[Work task]: Records follow. Select each line holding "roll".

[Material to process]:
-=-=-=-=-

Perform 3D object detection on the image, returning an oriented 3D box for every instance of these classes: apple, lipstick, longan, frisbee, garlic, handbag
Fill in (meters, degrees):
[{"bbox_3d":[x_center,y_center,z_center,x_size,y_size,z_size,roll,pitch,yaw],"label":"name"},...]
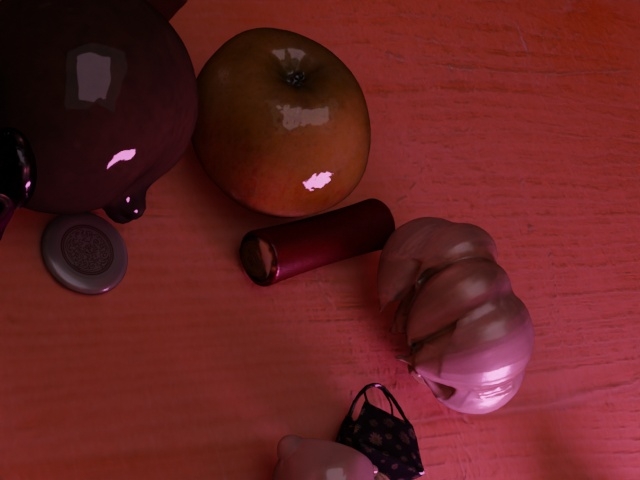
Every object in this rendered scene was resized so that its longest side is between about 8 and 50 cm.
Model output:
[{"bbox_3d":[-0.054,-0.157,1.353,0.261,0.194,0.260,9,55,-14],"label":"apple"},{"bbox_3d":[0.000,0.000,1.397,0.241,0.080,0.080,-18,79,-41],"label":"lipstick"},{"bbox_3d":[-0.268,-0.159,1.170,0.300,0.243,0.300,4,85,-42],"label":"longan"},{"bbox_3d":[-0.282,0.014,1.218,0.110,0.014,0.110,17,58,-29],"label":"frisbee"},{"bbox_3d":[0.189,0.110,1.395,0.203,0.185,0.281,-23,104,-25],"label":"garlic"},{"bbox_3d":[0.077,0.250,1.341,0.115,0.072,0.139,28,40,-21],"label":"handbag"}]

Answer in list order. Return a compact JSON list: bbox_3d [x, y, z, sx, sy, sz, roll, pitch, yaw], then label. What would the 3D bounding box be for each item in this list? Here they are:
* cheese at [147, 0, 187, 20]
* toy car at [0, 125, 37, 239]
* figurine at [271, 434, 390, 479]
[{"bbox_3d":[-0.253,-0.372,1.376,0.203,0.128,0.177,-29,88,-47],"label":"cheese"},{"bbox_3d":[-0.453,-0.058,0.985,0.271,0.240,0.340,-5,59,-41],"label":"toy car"},{"bbox_3d":[-0.011,0.361,1.178,0.155,0.127,0.235,37,54,-29],"label":"figurine"}]

-=-=-=-=-

[Answer box]:
[{"bbox_3d":[x_center,y_center,z_center,x_size,y_size,z_size,roll,pitch,yaw],"label":"name"},...]
Answer in list order. Return a compact JSON list: bbox_3d [x, y, z, sx, sy, sz, roll, pitch, yaw], then label. What would the 3D bounding box be for each item in this list? Here they are:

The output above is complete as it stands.